The study also recommended promoting economic activity while strictly implementing safety protocols.
One of the proposals is to tap businesses in the government’s intervention efforts against COVID-19 such as garments factories to produce PPEs and distilleries to produce alcohol.
It said that “other businesses may need to be developed such as research, digital platform deliveries and manufacturing to supply goods and services that cannot be readily sourced from the international market.
It said public transportation should be allowed to operate partially to facilitate the movement of essential economic transactions.

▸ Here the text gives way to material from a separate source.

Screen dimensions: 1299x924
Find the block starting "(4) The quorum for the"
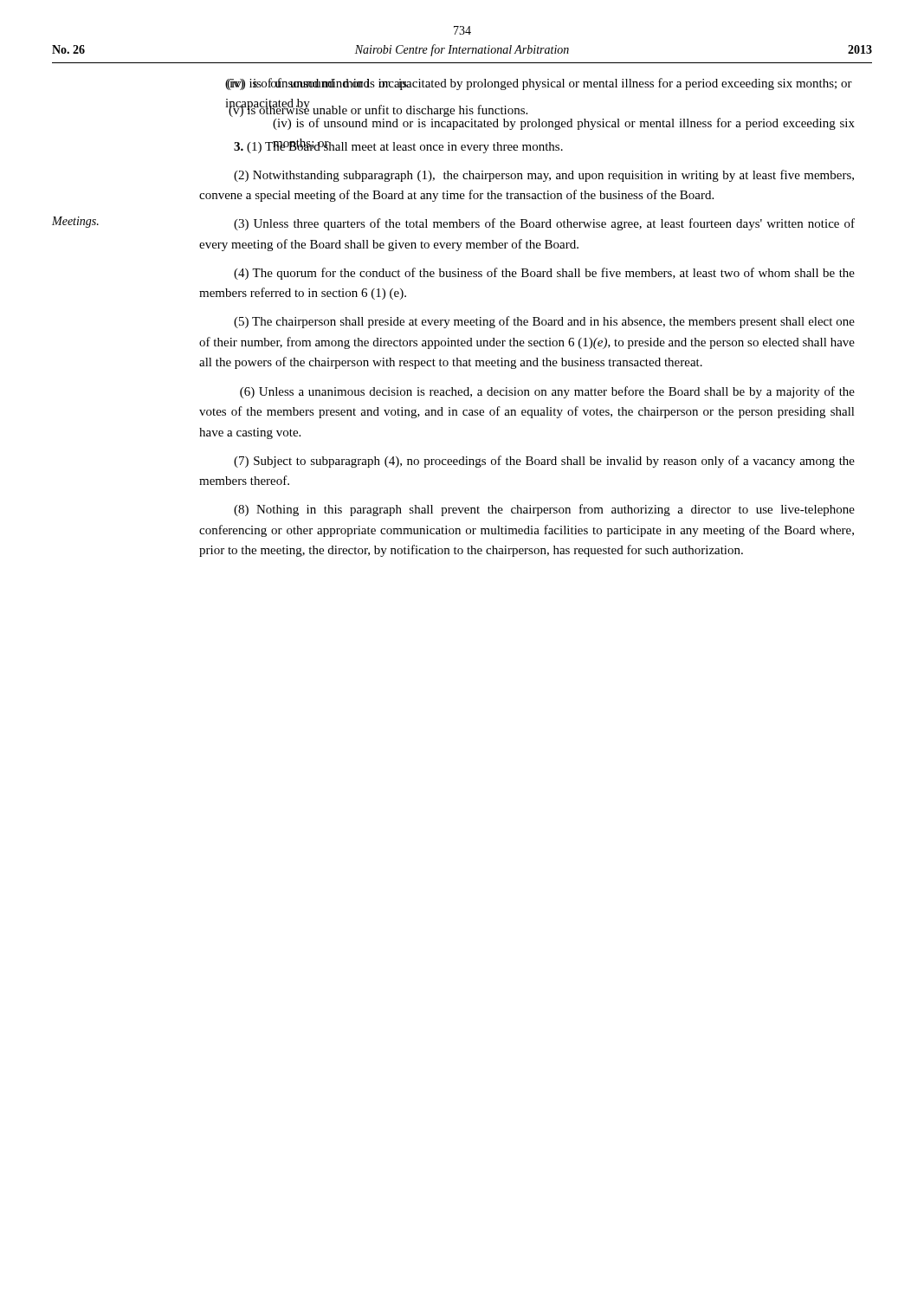pos(527,283)
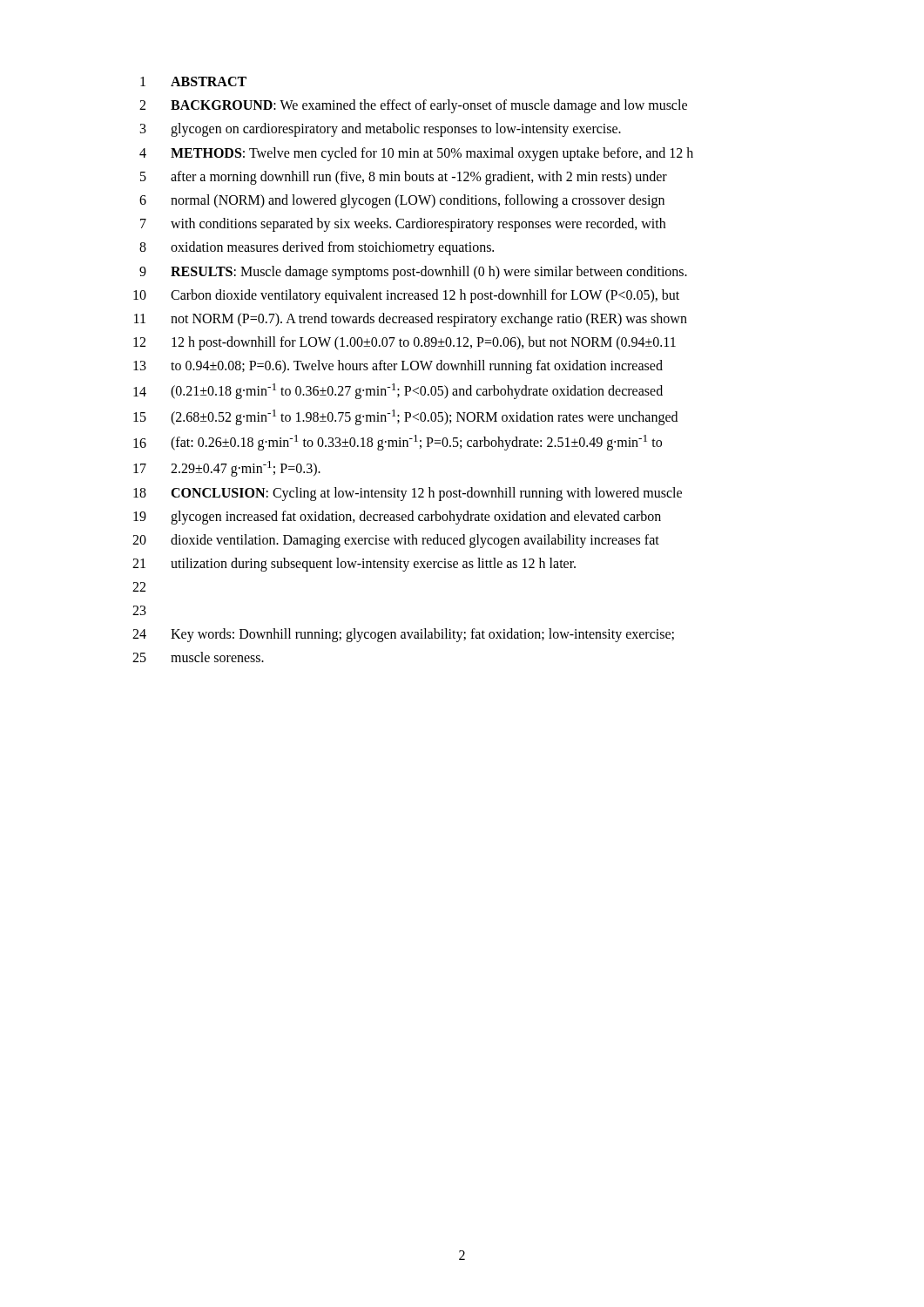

The study said commuters should strictly follow the guidelines on social distancing and that the government may “opt to directly hire drivers or operators in a cash-for-work program to effectively control public transportation”.
It called on public officials to “ensure the continuous and unencumbered flow of goods and services” during the crucial period and protect and provide enough supplies to the country’s frontline health workers and strictly implement safety protocols to ensure that COVID-19 does not spread throughout the supply chain.